IT was for the sake of others that I first commenced writing biographies;
but I find myself proceeding and attaching myself to it for my own;
the virtues of these great men serving me as a sort of looking-glass,
in which I may see how to adjust and adorn my own life. Indeed, it
can be compared to nothing but daily living and associating together;
we receive, as it were, in our inquiry, and entertain each successive
guest, view-
"Their stature and their qualities," and select from their actions
all that is noblest and worthiest to know.
"Ah, and what greater pleasure can one have?" or what more effective
means to one's moral improvement? Democritus tells us we ought to
pray that of the phantasms appearing in the circumambient air, such
may present themselves to us as are propitious, and that we may rather
meet with those that are agreeable to our natures and are good than
the evil and unfortunate; which is simply introducing into philosophy
a doctrine untrue in itself, and leading to endless superstitions.

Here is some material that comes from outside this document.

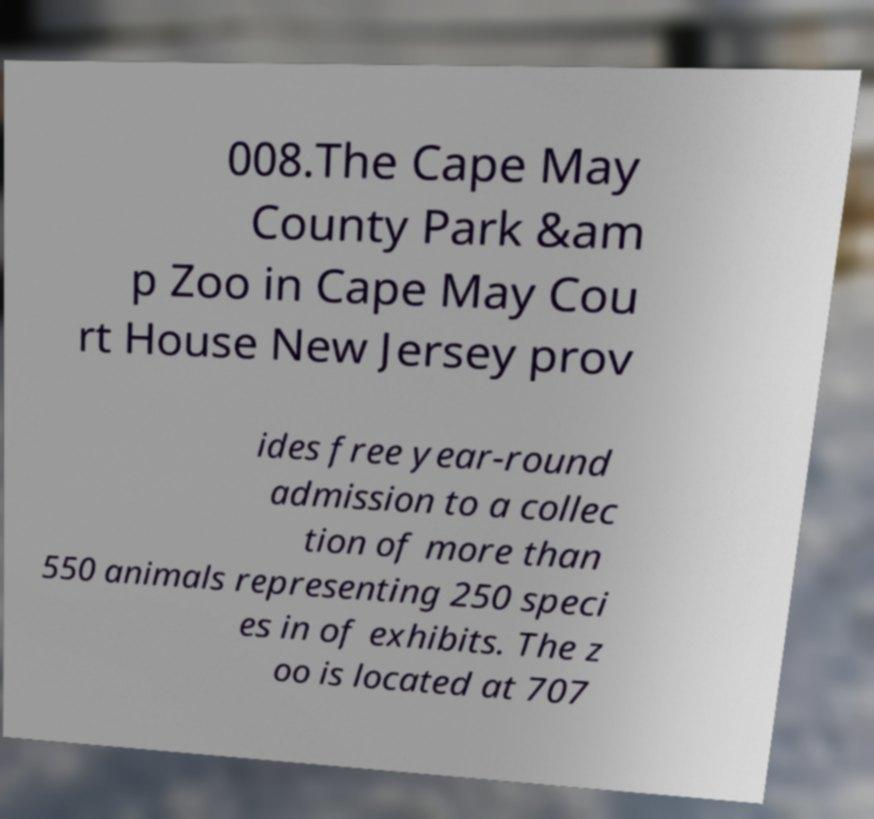Please read and relay the text visible in this image. What does it say? 008.The Cape May County Park &am p Zoo in Cape May Cou rt House New Jersey prov ides free year-round admission to a collec tion of more than 550 animals representing 250 speci es in of exhibits. The z oo is located at 707

My method, on the contrary, is, by the study of history, and by the
familiarity acquired in writing, to habituate my memory to receive
and retain images of the best and worthiest characters. I thus am
enabled to free myself from any ignoble, base, or vicious impressions,
contracted from the contagion of ill company that I may be unavoidably
engaged in; by the remedy of turning my thoughts in a happy and calm
temper to view these noble examples. Of this kind are those of Timoleon
the Corinthian and Paulus Aemilius, to write whose lives is my present
business; men equally famous, not only for their virtues, but success;
insomuch that they have left it doubtful whether they owe their greatest
achievements to good fortune, or their own prudence and conduct.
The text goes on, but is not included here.